WHAT YOU SHOULD DO
In the records that follow, find the line with "Expected response: one"; from there, retype every line exactly through the line with "(-18, 35, -3))", which also belongs to the answer.

Items from a dataset
* * * * * * *

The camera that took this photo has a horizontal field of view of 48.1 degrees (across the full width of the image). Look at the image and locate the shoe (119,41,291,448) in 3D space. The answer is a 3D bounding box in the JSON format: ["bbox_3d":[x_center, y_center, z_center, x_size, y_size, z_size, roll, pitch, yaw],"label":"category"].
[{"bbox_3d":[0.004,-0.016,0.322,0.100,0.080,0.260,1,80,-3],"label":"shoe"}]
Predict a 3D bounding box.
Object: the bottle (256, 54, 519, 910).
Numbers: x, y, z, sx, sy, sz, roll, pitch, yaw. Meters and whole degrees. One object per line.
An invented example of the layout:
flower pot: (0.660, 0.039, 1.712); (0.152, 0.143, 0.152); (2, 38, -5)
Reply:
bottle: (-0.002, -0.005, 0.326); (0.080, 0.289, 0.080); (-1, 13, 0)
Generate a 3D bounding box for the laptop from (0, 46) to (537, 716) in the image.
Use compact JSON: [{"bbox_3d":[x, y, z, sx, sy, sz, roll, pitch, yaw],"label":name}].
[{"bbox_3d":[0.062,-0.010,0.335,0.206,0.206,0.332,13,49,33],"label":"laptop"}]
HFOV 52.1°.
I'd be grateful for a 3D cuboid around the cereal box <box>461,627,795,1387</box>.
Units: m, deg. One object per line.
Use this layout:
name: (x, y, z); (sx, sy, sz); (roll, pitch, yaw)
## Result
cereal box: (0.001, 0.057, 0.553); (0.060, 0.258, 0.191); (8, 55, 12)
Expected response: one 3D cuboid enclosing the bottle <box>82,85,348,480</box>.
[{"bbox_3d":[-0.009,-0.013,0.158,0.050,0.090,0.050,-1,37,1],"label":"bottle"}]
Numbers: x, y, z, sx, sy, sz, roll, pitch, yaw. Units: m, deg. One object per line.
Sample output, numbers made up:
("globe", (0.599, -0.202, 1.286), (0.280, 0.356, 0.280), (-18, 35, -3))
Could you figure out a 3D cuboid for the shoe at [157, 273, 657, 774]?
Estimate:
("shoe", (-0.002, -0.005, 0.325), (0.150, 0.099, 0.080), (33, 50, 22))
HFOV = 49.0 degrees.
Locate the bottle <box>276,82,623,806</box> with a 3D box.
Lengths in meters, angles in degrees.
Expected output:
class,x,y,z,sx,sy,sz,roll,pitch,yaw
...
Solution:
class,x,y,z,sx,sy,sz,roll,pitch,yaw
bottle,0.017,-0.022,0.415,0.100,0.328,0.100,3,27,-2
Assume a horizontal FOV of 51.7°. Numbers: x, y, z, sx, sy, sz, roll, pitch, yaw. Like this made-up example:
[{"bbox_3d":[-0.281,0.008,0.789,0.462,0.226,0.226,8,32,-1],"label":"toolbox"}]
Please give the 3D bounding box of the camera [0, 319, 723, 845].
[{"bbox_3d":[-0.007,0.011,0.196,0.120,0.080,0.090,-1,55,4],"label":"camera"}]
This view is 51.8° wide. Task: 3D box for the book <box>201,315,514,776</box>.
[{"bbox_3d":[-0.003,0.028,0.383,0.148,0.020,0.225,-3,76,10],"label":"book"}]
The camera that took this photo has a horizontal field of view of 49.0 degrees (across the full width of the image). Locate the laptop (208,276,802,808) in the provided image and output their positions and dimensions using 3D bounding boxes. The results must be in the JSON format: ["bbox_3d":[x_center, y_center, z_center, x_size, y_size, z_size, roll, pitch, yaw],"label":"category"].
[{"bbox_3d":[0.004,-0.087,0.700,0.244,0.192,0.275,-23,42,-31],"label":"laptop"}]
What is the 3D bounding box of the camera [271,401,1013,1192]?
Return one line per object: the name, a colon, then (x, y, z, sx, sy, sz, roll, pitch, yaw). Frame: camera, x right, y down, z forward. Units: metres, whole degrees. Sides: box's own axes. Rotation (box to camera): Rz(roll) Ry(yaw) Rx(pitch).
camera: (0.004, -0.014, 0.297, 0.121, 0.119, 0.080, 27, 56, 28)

* * * * * * *

EXERCISE ANSWER
Expected response: one 3D cuboid enclosing the bottle <box>82,85,348,480</box>.
[{"bbox_3d":[-0.009,-0.013,0.158,0.050,0.090,0.050,-1,37,1],"label":"bottle"}]
Numbers: x, y, z, sx, sy, sz, roll, pitch, yaw. Units: m, deg. One object per line.
Sample output, numbers made up:
("globe", (0.599, -0.202, 1.286), (0.280, 0.356, 0.280), (-18, 35, -3))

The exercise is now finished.